Abstract
Objective
To describe the clinical features of and genetic locus associated with autosomal‐dominant macular dystrophy (MCDR5) in a large Greek family.
Methods
26 members of a single family underwent clinical examinations and venepuncture. A genomewide linkage scan using 400 microsatellite markers distributed with an average spacing of 10 cM throughout the human genome.
Results
14 members of the study family exhibited clinical features of the disease including decreased central vision and macular abnormalities in the posterior pole of the retina. Analysis of loci known to be associated with macular dystrophy did not show positive linkage. A genomewide linkage scan showed linkage to chromosome 19q, with a two‐point maximum LOD score of 5.809 at θ = 0 between the disease and marker locus D19S412. On the basis of recombination events, the disease interval was localised between markers D19S420 and D19S540 on chromosome 19q, at a span of about 3.8 cM, in an area known to contain 120 known genes/transcripts. Eleven of these genes/transcripts were sequenced, and no disease‐causing mutation was identified.
Conclusions
This study describes a new locus on 19q associated with autosomal‐dominant macular dystrophy, designated as MCDR5. Additional study of other family members will be necessary to further narrow the interval and identify the responsible gene. The study of MCDR5 will aid in elucidation of the underlying pathogenic mechanisms for this and other macular diseases, including age‐related macular degeneration.

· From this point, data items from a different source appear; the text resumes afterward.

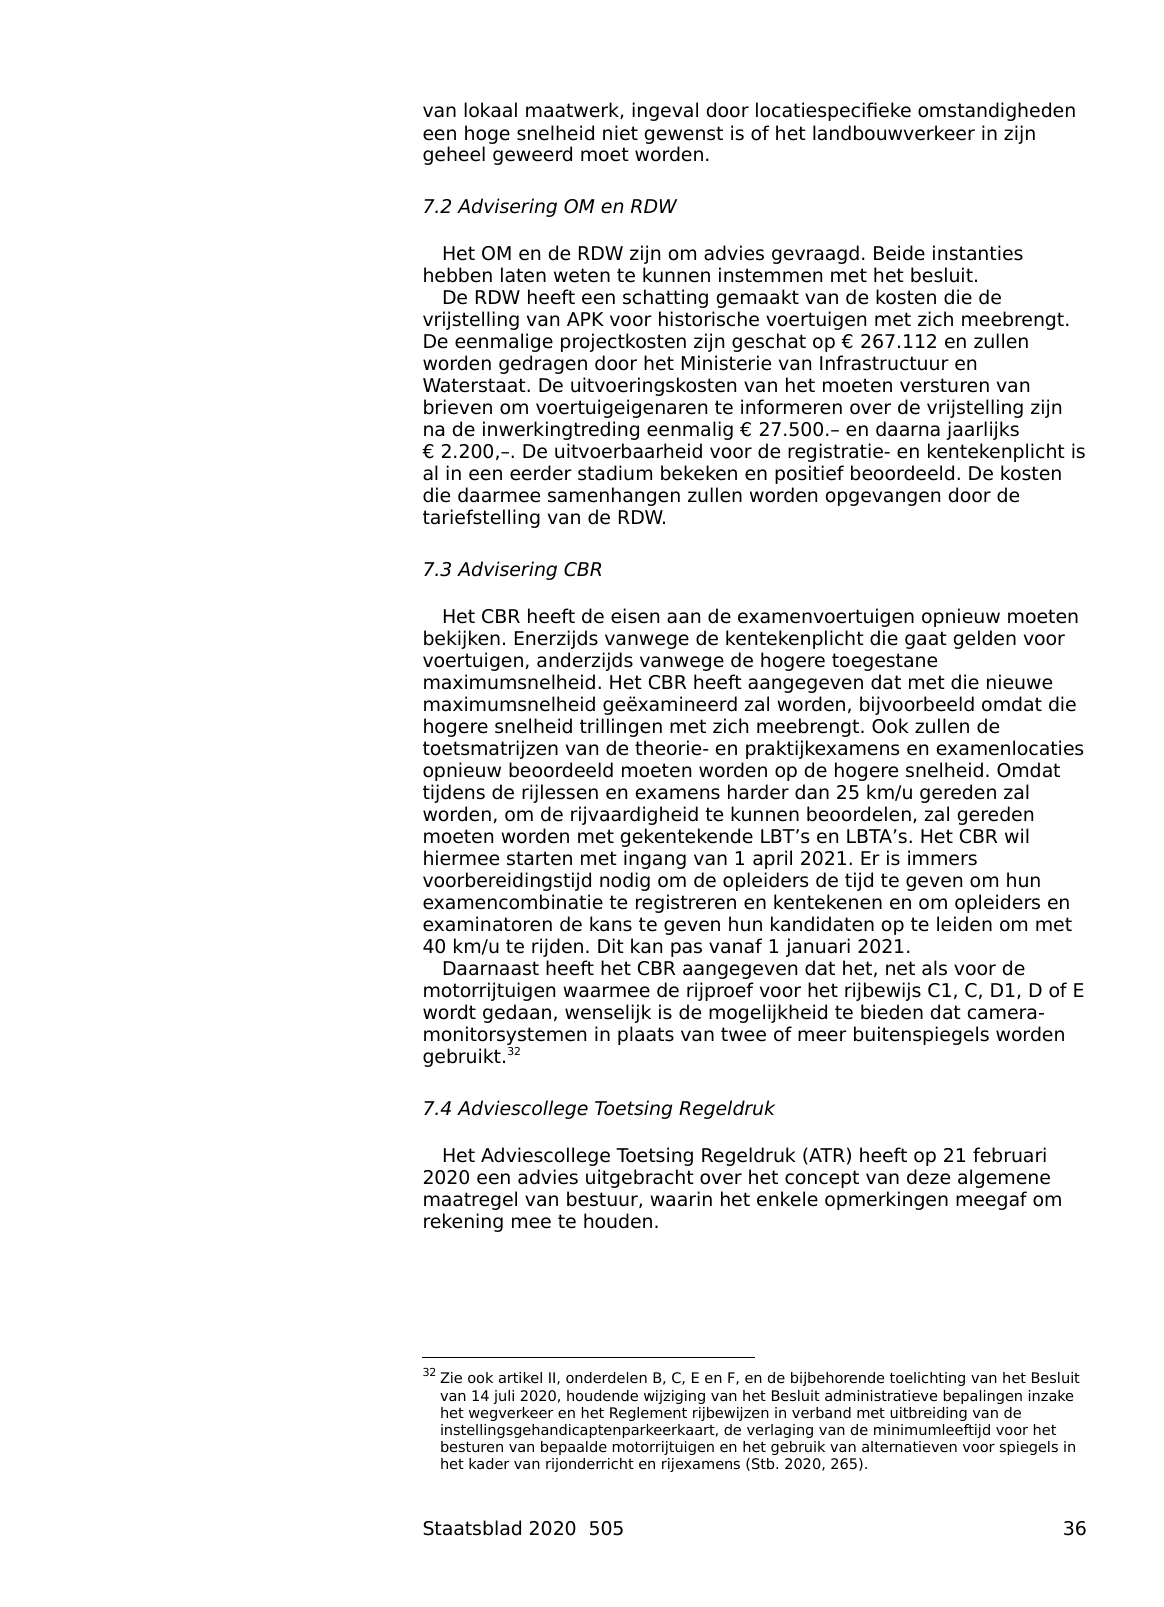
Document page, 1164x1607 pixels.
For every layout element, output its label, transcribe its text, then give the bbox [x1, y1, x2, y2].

text De RDW heeft een schatting gemaakt van de kosten die de vrijstelling van APK voor historische voertuigen met zich meebrengt. De eenmalige projectkosten zijn geschat op € 267.112 en zullen worden gedragen door het Ministerie van Infrastructuur en Waterstaat. De uitvoeringskosten van het moeten versturen van brieven om voertuigeigenaren te informeren over de vrijstelling zijn na de inwerkingtreding eenmalig € 27.500.– en daarna jaarlijks € 2.200,–. De uitvoerbaarheid voor de registratie- en kentekenplicht is al in een eerder stadium bekeken en positief beoordeeld. De kosten die daarmee samenhangen zullen worden opgevangen door de tariefstelling van de RDW. [422, 287, 1087, 529]
text Het CBR heeft de eisen aan de examenvoertuigen opnieuw moeten bekijken. Enerzijds vanwege de kentekenplicht die gaat gelden voor voertuigen, anderzijds vanwege de hogere toegestane maximumsnelheid. Het CBR heeft aangegeven dat met die nieuwe maximumsnelheid geëxamineerd zal worden, bijvoorbeeld omdat die hogere snelheid trillingen met zich meebrengt. Ook zullen de toetsmatrijzen van de theorie- en praktijkexamens en examenlocaties opnieuw beoordeeld moeten worden op de hogere snelheid. Omdat tijdens de rijlessen en examens harder dan 25 km/u gereden zal worden, om de rijvaardigheid te kunnen beoordelen, zal gereden moeten worden met gekentekende LBT’s en LBTA’s. Het CBR wil hiermee starten met ingang van 1 april 2021. Er is immers voorbereidingstijd nodig om de opleiders de tijd te geven om hun examencombinatie te registreren en kentekenen en om opleiders en examinatoren de kans te geven hun kandidaten op te leiden om met 40 km/u te rijden. Dit kan pas vanaf 1 januari 2021. [422, 606, 1087, 958]
subtitle 7.3 Advisering CBR [422, 559, 1087, 581]
text Zie ook artikel II, onderdelen B, C, E en F, en de bijbehorende toelichting van het Besluit van 14 juli 2020, houdende wijziging van het Besluit administratieve bepalingen inzake het wegverkeer en het Reglement rijbewijzen in verband met uitbreiding van de instellingsgehandicaptenparkeerkaart, de verlaging van de minimumleeftijd voor het besturen van bepaalde motorrijtuigen en het gebruik van alternatieven voor spiegels in het kader van rijonderricht en rijexamens (Stb. 2020, 265). [422, 1366, 1087, 1473]
text Het Adviescollege Toetsing Regeldruk (ATR) heeft op 21 februari 2020 een advies uitgebracht over het concept van deze algemene maatregel van bestuur, waarin het enkele opmerkingen meegaf om rekening mee te houden. [422, 1144, 1087, 1232]
text Het OM en de RDW zijn om advies gevraagd. Beide instanties hebben laten weten te kunnen instemmen met het besluit. [422, 243, 1087, 287]
text van lokaal maatwerk, ingeval door locatiespecifieke omstandigheden een hoge snelheid niet gewenst is of het landbouwverkeer in zijn geheel geweerd moet worden. [422, 100, 1087, 166]
subtitle 7.2 Advisering OM en RDW [422, 196, 1087, 218]
text Daarnaast heeft het CBR aangegeven dat het, net als voor de motorrijtuigen waarmee de rijproef voor het rijbewijs C1, C, D1, D of E wordt gedaan, wenselijk is de mogelijkheid te bieden dat camera-monitorsystemen in plaats van twee of meer buitenspiegels worden gebruikt. [422, 958, 1087, 1068]
subtitle 7.4 Adviescollege Toetsing Regeldruk [422, 1098, 1087, 1119]
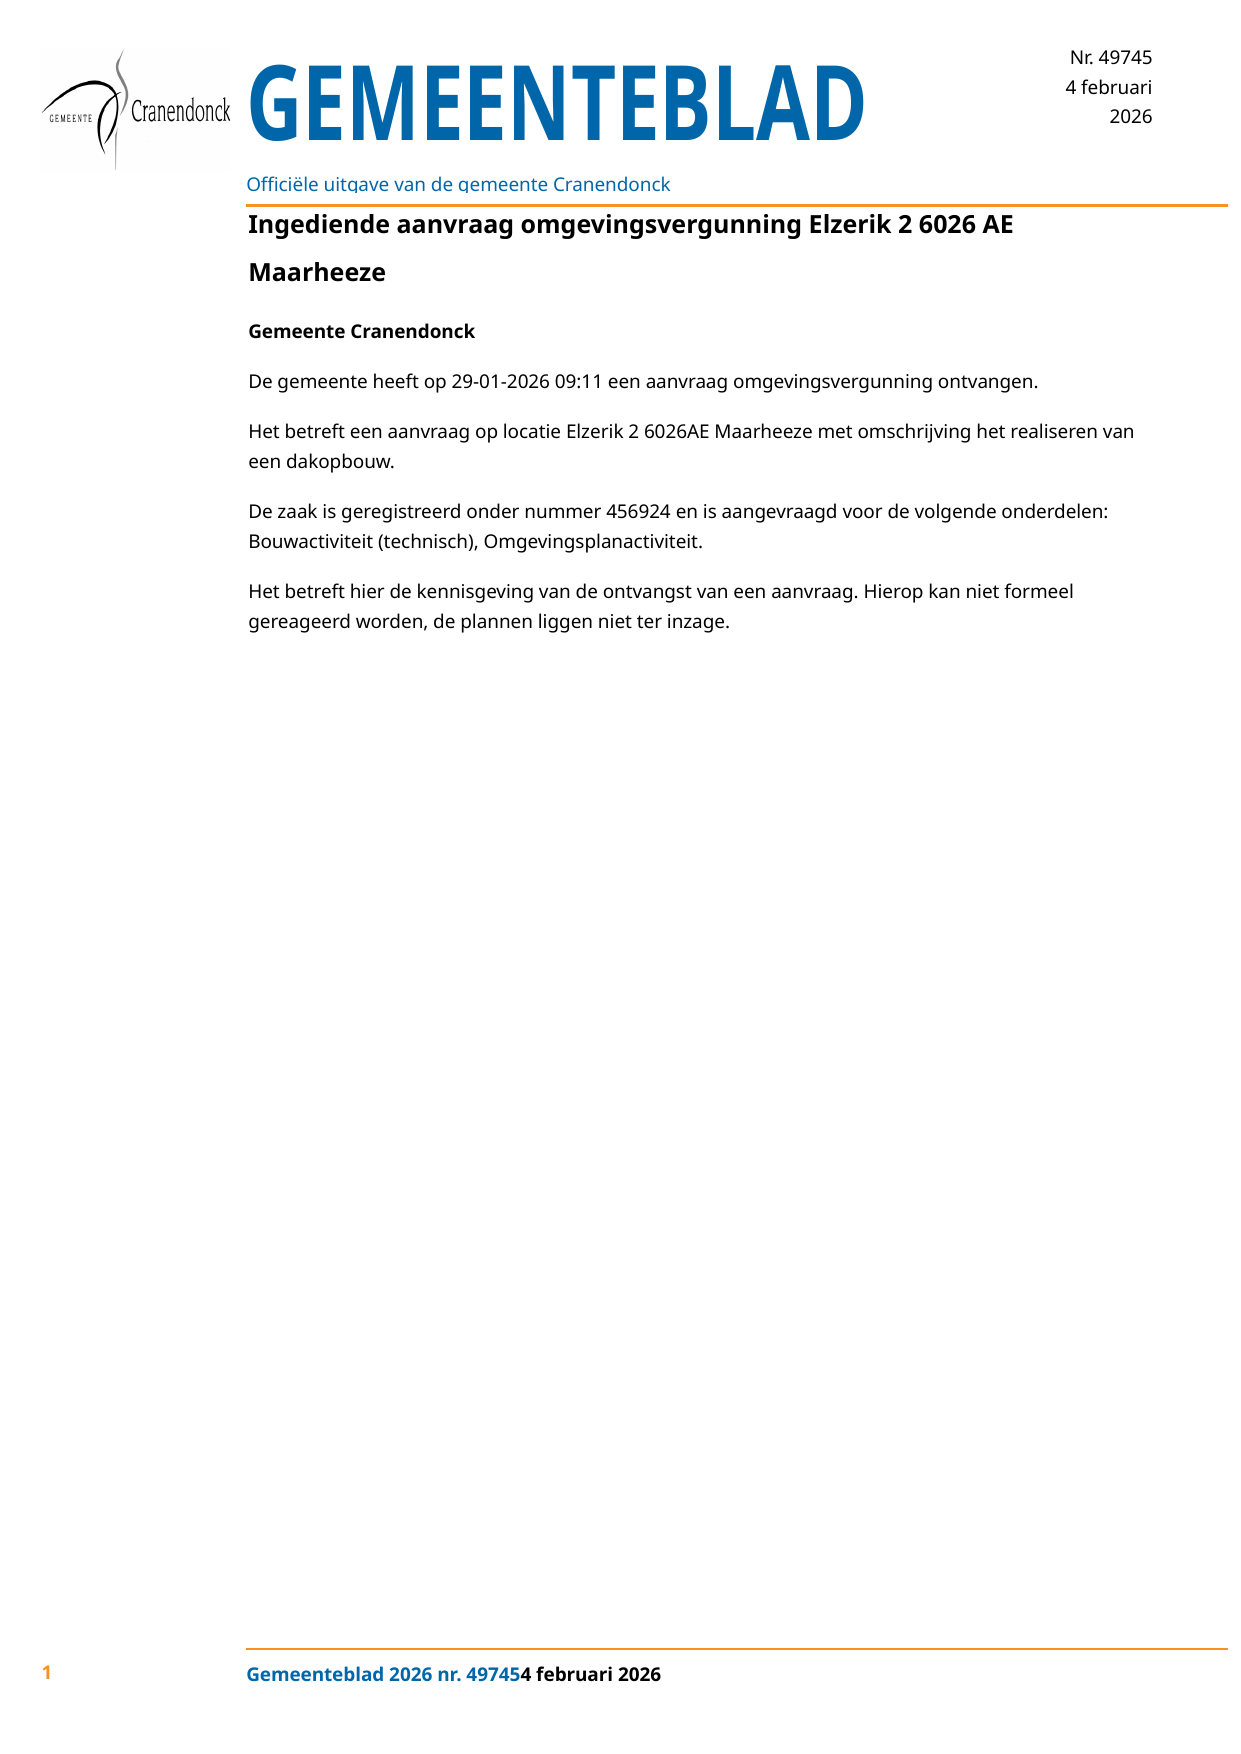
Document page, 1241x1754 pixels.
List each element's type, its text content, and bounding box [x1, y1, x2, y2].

text Het betreft een aanvraag op locatie Elzerik 2 6026AE Maarheeze met omschrijving het realiseren van een dakopbouw. [248, 419, 1152, 474]
text Gemeente Cranendonck [248, 318, 1152, 344]
text De zaak is geregistreerd onder nummer 456924 en is aangevraagd voor de volgende onderdelen: Bouwactiviteit (technisch), Omgevingsplanactiviteit. [248, 499, 1152, 554]
text De gemeente heeft op 29-01-2026 09:11 een aanvraag omgevingsvergunning ontvangen. [248, 368, 1152, 394]
text Ingediende aanvraag omgevingsvergunning Elzerik 2 6026 AE Maarheeze [248, 207, 1152, 288]
picture [41, 47, 231, 172]
text Het betreft hier de kennisgeving van de ontvangst van een aanvraag. Hierop kan niet formeel gereageerd worden, de plannen liggen niet ter inzage. [248, 579, 1152, 634]

Macular dystrophies can present with autosomal dominant, autosomal recessive, X‐linked recessive and mitochondrial inheritance. The autosomal dominant form of macular dystrophy is a heterogeneous group of disorders that typically present within the first two decades of life with progressive central visual loss and macular atrophy. Ophthalmoscopic findings include bilateral atrophic macular lesions with or without subretinal deposits at the level of the retinal pigment epithelium (RPE). The resulting central visual loss is variable and can be severe with visual acuities ranging between 20/20 and 20/400. So far, 12 loci for autosomal dominant forms of macular dystrophy have been localised to particular regions of the human genome.1,2 They include Stargardt‐like macular dystrophy (STGD3 and STGD4).3,4 Best macular dystrophy,5 adult vitelliform dystrophy and pattern dystrophy,1,2,6,7 Doyne honeycomb retinal dystrophy,8 progressive bifocal chorioretinal atrophy,9 Sorsby's fundus dystrophy,10 central areolar choroidal dystrophy,11,12 dominant cystoid macular dystrophy,13 North Carolina macular dystrophy (MCDR1),14,15 autosomal dominant “bull's eye” macular dystrophy (MCDR2),16 autosomal dominant macular dystrophy resembling MCDR1 (MCDR3)17 and North Carolina‐like macular dystrophy associated with deafness (MCDR4).18 Five genes have been identified.6,7,8,11,19,20,21
In this report, we describe a large Greek family with autosomal‐dominant macular dystrophy that maps to a new disease locus on chromosome 19. Linkage was established with a two‐point maximum LOD score of 5.809 at θ = 0 between the disease and marker locus D19S412. We designated this locus MCDR5.
Methods
Study subjects
This project was approved by the Institutional Review Board of the Aghia Sophia Children's Hospital, Athens, Greece and the Institutional Review Board of the University of Utah Health Sciences Center, Salt Lake City, Utah, USA. Twenty six members of the study family, 11 females and 15 males, were included. Informed consent was obtained from all members. In all, 14 affected and 12 unaffected members underwent ophthalmic examination including best corrected Snellen visual acuity determination and fundus examination. Members were designated as affected on the basis of decreased visual acuity and the presence of flecks with or without atrophic macular lesions. Fluorescein angiography was carried out on five members.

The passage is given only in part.